__Aim of the task__: Would you reproduce the whole listing exactly, minus its images?

──────── Source data ────────

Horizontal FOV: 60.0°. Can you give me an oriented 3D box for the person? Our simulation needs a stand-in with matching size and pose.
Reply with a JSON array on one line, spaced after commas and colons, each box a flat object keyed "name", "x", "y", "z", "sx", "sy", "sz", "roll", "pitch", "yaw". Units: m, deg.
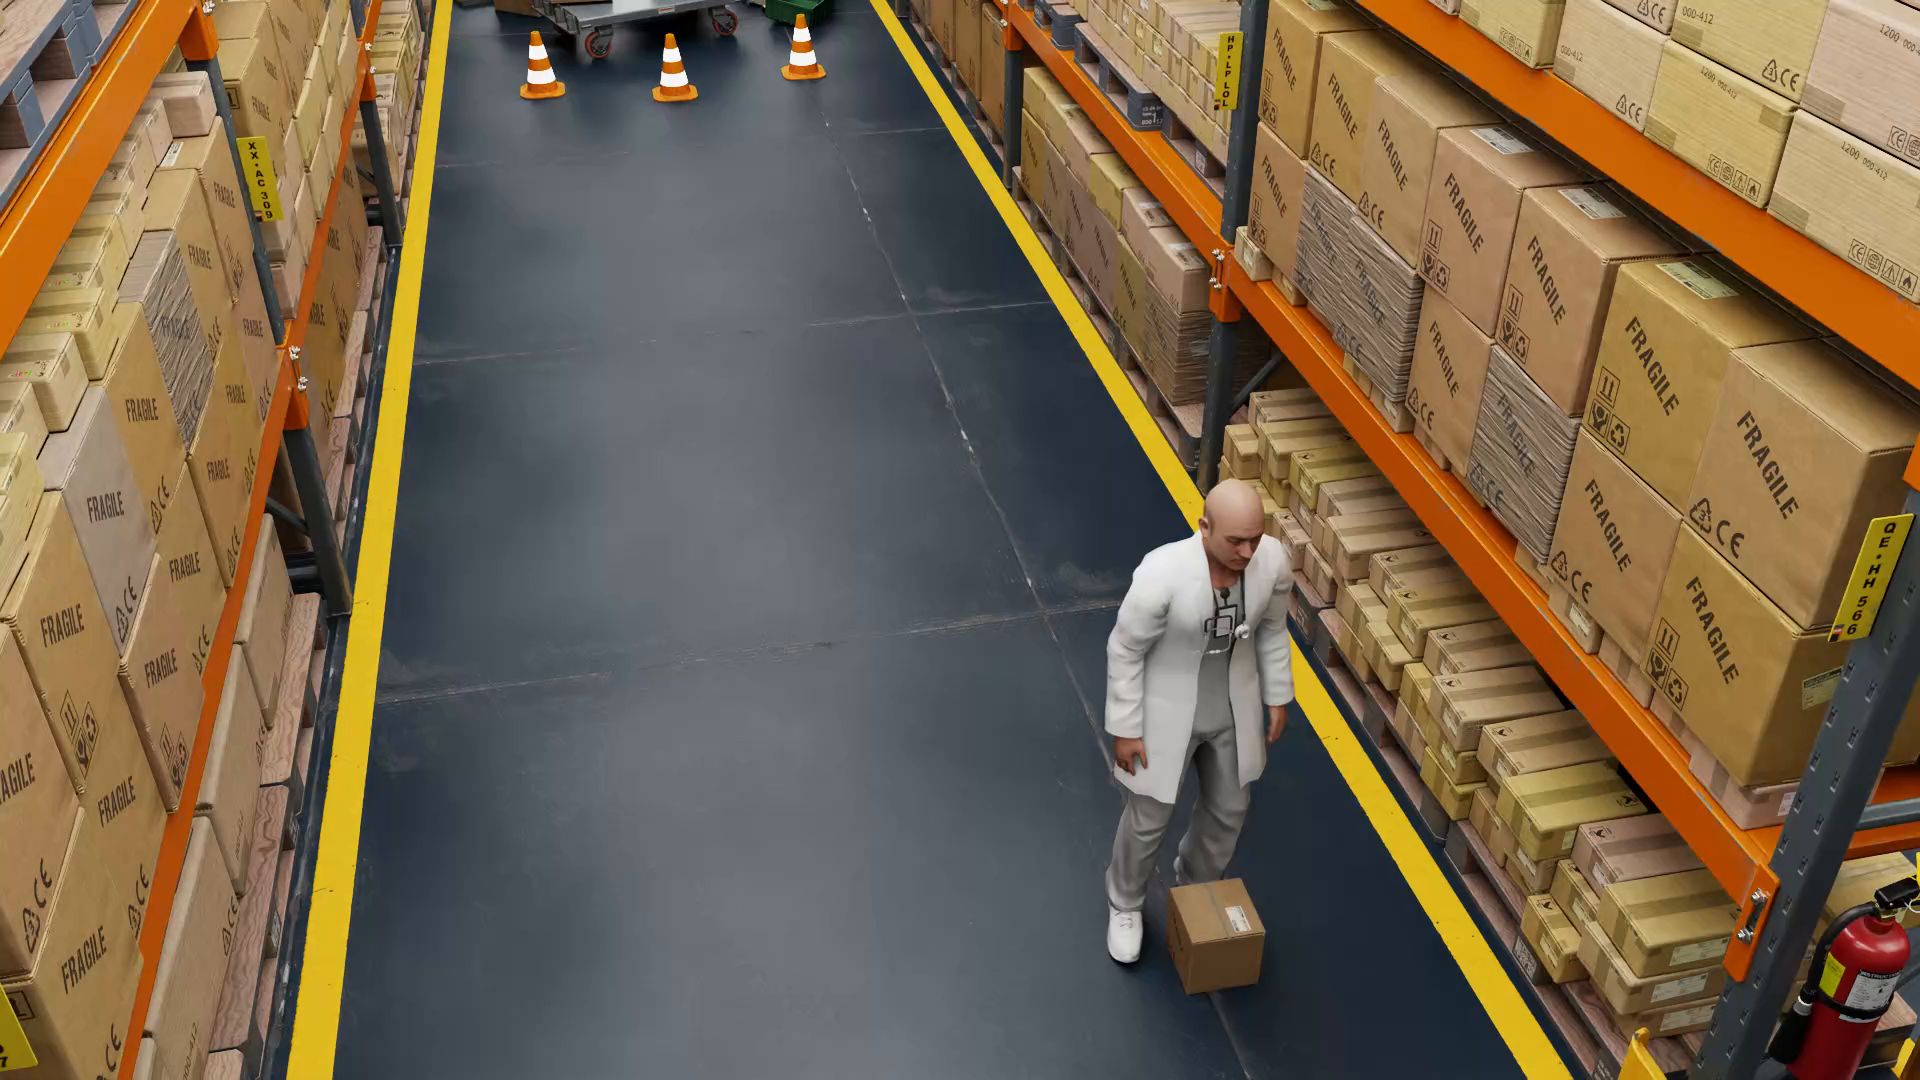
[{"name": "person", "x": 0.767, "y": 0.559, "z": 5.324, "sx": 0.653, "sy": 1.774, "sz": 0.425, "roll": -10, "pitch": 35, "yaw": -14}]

────────

__Solution to this exercise__:
Horizontal FOV: 60.0°. Can you give me an oriented 3D box for the person? Our simulation needs a stand-in with matching size and pose.
Reply with a JSON array on one line, spaced after commas and colons, each box a flat object keyed "name", "x", "y", "z", "sx", "sy", "sz", "roll", "pitch", "yaw". Units: m, deg.
[{"name": "person", "x": 0.767, "y": 0.559, "z": 5.324, "sx": 0.653, "sy": 1.774, "sz": 0.425, "roll": -10, "pitch": 35, "yaw": -14}]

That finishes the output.